Supplied data
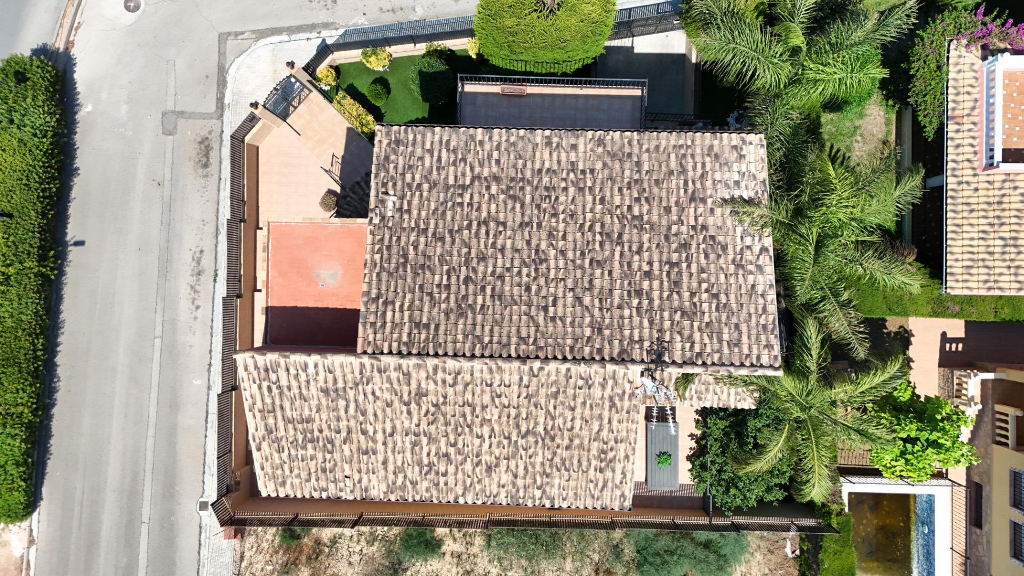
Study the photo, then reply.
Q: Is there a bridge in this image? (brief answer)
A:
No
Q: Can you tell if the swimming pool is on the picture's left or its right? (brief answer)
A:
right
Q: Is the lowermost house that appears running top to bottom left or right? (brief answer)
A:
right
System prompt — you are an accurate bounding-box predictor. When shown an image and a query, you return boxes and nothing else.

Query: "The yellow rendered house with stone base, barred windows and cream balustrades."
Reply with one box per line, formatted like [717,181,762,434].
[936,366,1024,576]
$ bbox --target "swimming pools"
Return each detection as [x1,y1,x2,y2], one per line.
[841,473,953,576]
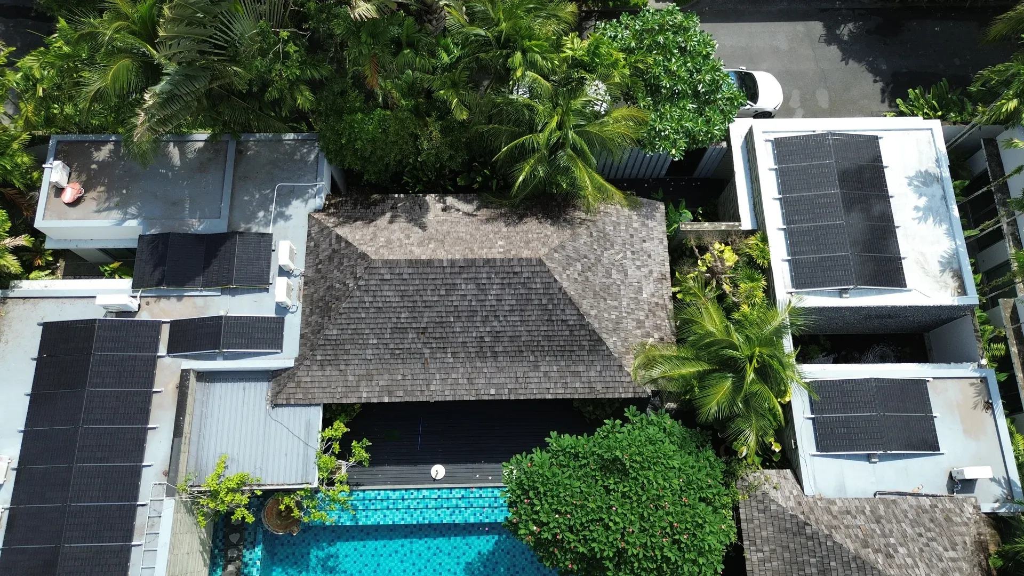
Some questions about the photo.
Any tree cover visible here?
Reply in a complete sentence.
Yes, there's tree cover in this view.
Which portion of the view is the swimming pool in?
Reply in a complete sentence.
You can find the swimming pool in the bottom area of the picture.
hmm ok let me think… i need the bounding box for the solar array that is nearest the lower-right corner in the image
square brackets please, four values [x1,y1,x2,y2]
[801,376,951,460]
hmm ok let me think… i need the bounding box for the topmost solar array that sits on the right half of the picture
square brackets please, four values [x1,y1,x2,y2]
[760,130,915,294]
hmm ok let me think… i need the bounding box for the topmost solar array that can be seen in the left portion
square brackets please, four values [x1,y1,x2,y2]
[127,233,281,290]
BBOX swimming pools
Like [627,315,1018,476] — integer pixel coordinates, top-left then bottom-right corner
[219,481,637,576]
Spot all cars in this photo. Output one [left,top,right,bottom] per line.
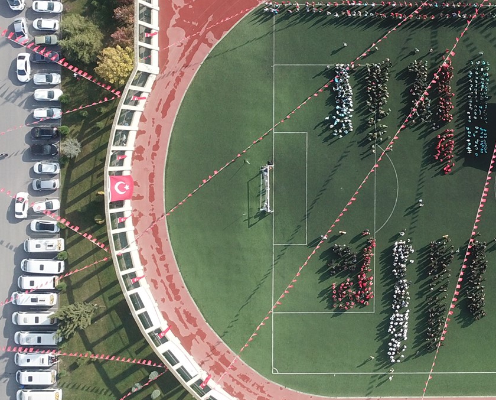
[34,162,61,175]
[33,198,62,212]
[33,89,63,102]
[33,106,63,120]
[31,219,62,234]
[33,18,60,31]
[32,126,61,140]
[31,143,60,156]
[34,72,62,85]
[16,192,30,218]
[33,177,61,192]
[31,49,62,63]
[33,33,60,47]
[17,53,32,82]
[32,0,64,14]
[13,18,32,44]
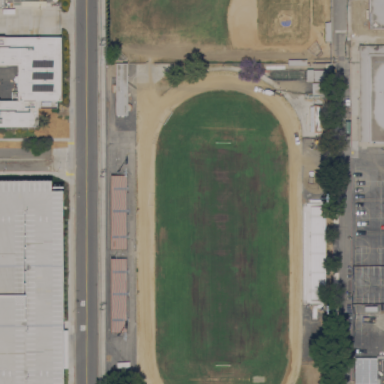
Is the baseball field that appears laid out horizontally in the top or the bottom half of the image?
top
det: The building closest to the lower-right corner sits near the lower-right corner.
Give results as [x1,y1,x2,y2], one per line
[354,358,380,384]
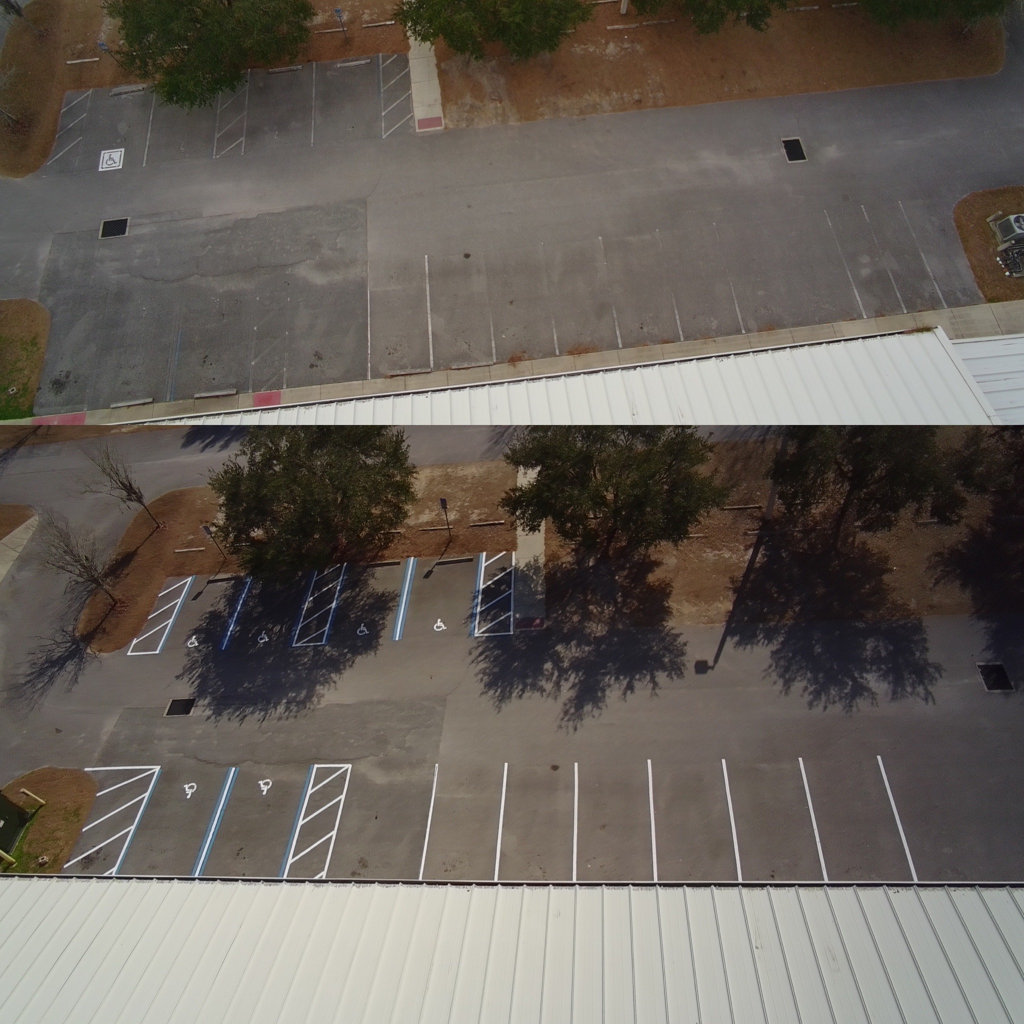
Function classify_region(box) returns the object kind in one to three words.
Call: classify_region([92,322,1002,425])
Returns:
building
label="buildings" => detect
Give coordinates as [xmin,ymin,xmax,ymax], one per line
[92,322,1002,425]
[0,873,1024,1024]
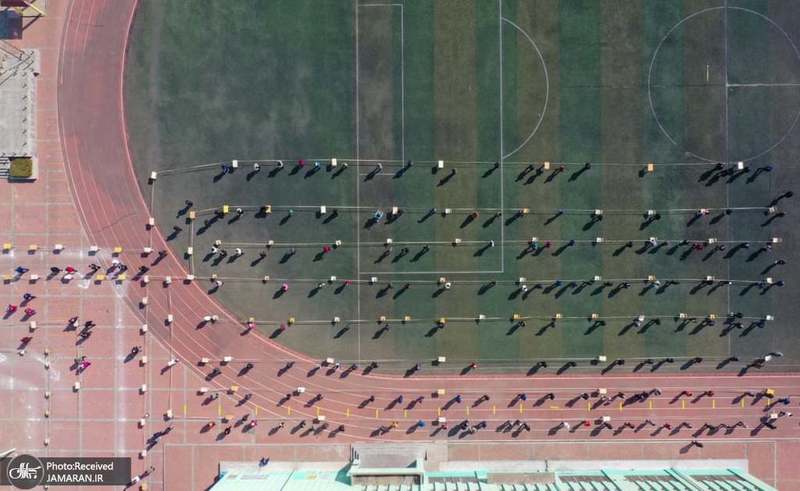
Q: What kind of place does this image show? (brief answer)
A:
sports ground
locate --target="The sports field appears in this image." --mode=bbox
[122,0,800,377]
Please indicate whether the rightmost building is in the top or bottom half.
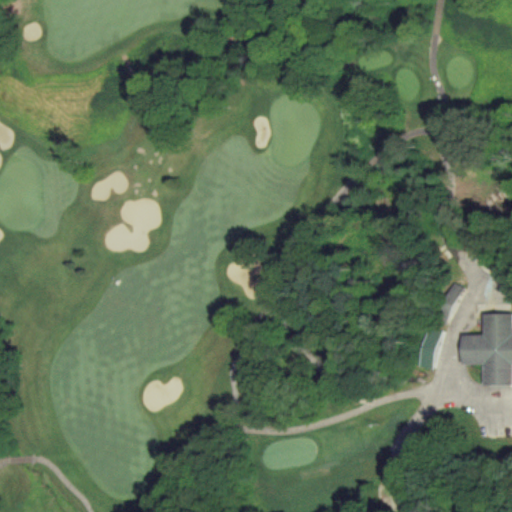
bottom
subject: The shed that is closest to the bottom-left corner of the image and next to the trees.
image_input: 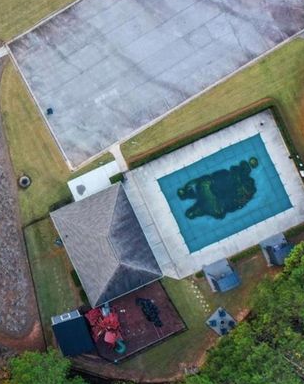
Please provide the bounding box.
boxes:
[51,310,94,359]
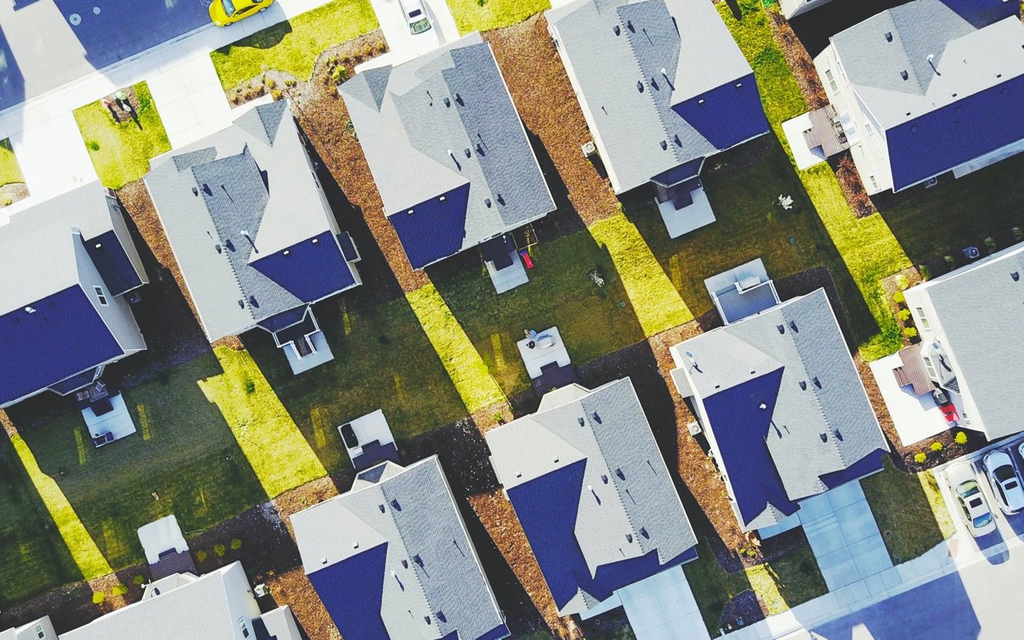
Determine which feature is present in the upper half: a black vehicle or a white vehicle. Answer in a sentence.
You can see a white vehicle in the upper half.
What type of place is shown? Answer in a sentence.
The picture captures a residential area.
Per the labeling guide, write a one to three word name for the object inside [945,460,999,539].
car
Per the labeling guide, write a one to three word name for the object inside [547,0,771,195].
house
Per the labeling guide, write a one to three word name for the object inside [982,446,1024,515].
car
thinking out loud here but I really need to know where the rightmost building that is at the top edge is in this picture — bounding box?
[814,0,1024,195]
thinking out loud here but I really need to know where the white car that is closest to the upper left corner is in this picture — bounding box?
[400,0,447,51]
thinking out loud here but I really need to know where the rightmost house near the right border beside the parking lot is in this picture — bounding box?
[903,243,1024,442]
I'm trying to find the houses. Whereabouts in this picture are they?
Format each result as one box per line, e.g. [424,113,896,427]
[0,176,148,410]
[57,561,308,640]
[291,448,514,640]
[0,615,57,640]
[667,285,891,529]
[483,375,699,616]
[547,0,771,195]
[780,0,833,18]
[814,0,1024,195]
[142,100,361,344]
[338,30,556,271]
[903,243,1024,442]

Exercise
Verbatim repeat, images removed: give each entry again exactly as it reads.

Result of this exercise
Study the photo, then reply.
Q: Is there a bridge in this image? (brief answer)
A:
No
Q: Can you tell if the swimming pool is on the picture's left or its right? (brief answer)
A:
right
Q: Is the lowermost house that appears running top to bottom left or right? (brief answer)
A:
right
System prompt — you are an accurate bounding-box predictor. When shown an image and a query, you return boxes and nothing else.

Query: "The yellow rendered house with stone base, barred windows and cream balustrades."
Reply with one box per line, formatted like [717,181,762,434].
[936,366,1024,576]
$ bbox --target "swimming pools"
Return each detection as [x1,y1,x2,y2], one per line.
[841,473,953,576]
Some questions about the photo.
Any tree cover visible here?
Reply in a complete sentence.
Yes, there's tree cover in this view.
Which portion of the view is the swimming pool in?
Reply in a complete sentence.
You can find the swimming pool in the bottom area of the picture.
hmm ok let me think… i need the bounding box for the solar array that is nearest the lower-right corner in the image
square brackets please, four values [x1,y1,x2,y2]
[801,376,951,460]
hmm ok let me think… i need the bounding box for the topmost solar array that sits on the right half of the picture
square brackets please, four values [x1,y1,x2,y2]
[760,130,915,294]
hmm ok let me think… i need the bounding box for the topmost solar array that can be seen in the left portion
square brackets please, four values [x1,y1,x2,y2]
[127,233,281,290]
BBOX swimming pools
Like [627,315,1018,476] — integer pixel coordinates, top-left then bottom-right corner
[219,481,637,576]
Spot all cars in this photo. Output one [left,top,right,bottom] per line.
[34,162,61,175]
[33,198,62,212]
[33,89,63,102]
[33,106,63,120]
[31,219,62,234]
[33,18,60,31]
[32,126,61,140]
[31,143,60,156]
[34,72,62,85]
[16,192,30,218]
[33,177,61,192]
[31,49,62,63]
[33,33,60,47]
[17,53,32,82]
[32,0,64,14]
[13,18,32,44]
Is the baseball field that appears laid out horizontally in the top or the bottom half of the image?
top
det: The building closest to the lower-right corner sits near the lower-right corner.
Give results as [x1,y1,x2,y2], one per line
[354,358,380,384]
Function classify_region(box) returns the object kind in one to three words.
Call: classify_region([92,322,1002,425])
Returns:
building
label="buildings" => detect
Give coordinates as [xmin,ymin,xmax,ymax], one per line
[92,322,1002,425]
[0,873,1024,1024]
Q: What kind of place does this image show? (brief answer)
A:
sports ground
locate --target="The sports field appears in this image." --mode=bbox
[122,0,800,377]
Please indicate whether the rightmost building is in the top or bottom half.
bottom
subject: The shed that is closest to the bottom-left corner of the image and next to the trees.
image_input: 
Please provide the bounding box.
boxes:
[51,310,94,359]
Determine which feature is present in the upper half: a black vehicle or a white vehicle. Answer in a sentence.
You can see a white vehicle in the upper half.
What type of place is shown? Answer in a sentence.
The picture captures a residential area.
Per the labeling guide, write a one to three word name for the object inside [945,460,999,539].
car
Per the labeling guide, write a one to three word name for the object inside [547,0,771,195].
house
Per the labeling guide, write a one to three word name for the object inside [982,446,1024,515].
car
thinking out loud here but I really need to know where the rightmost building that is at the top edge is in this picture — bounding box?
[814,0,1024,195]
thinking out loud here but I really need to know where the white car that is closest to the upper left corner is in this picture — bounding box?
[400,0,447,51]
thinking out loud here but I really need to know where the rightmost house near the right border beside the parking lot is in this picture — bounding box?
[903,243,1024,442]
I'm trying to find the houses. Whereabouts in this picture are they?
Format each result as one box per line, e.g. [424,113,896,427]
[0,176,148,410]
[57,561,308,640]
[291,448,514,640]
[0,615,57,640]
[667,285,891,529]
[483,375,699,616]
[547,0,771,195]
[780,0,833,18]
[814,0,1024,195]
[142,100,361,344]
[338,30,556,271]
[903,243,1024,442]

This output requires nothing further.